A faithful copy of the data is the goal; set it down exactly, without the images.

Given data:
*** Block opens ***
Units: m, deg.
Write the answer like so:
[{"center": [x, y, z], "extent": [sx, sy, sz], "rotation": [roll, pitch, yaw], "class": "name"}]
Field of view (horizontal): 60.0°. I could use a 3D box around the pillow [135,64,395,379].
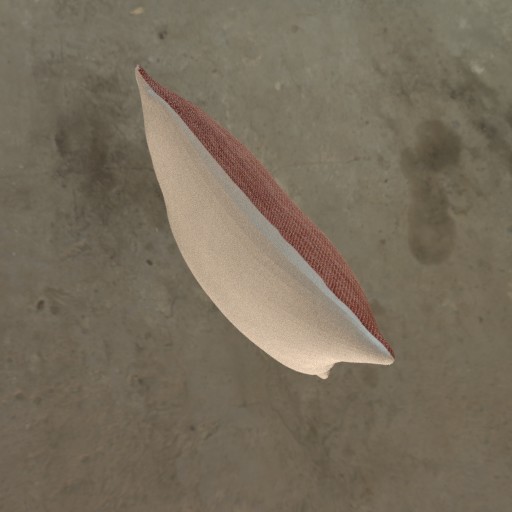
*** Block closes ***
Answer to this exercise:
Units: m, deg.
Write the answer like so:
[{"center": [x, y, z], "extent": [sx, sy, sz], "rotation": [roll, pitch, yaw], "class": "name"}]
Field of view (horizontal): 60.0°. I could use a 3D box around the pillow [135,64,395,379].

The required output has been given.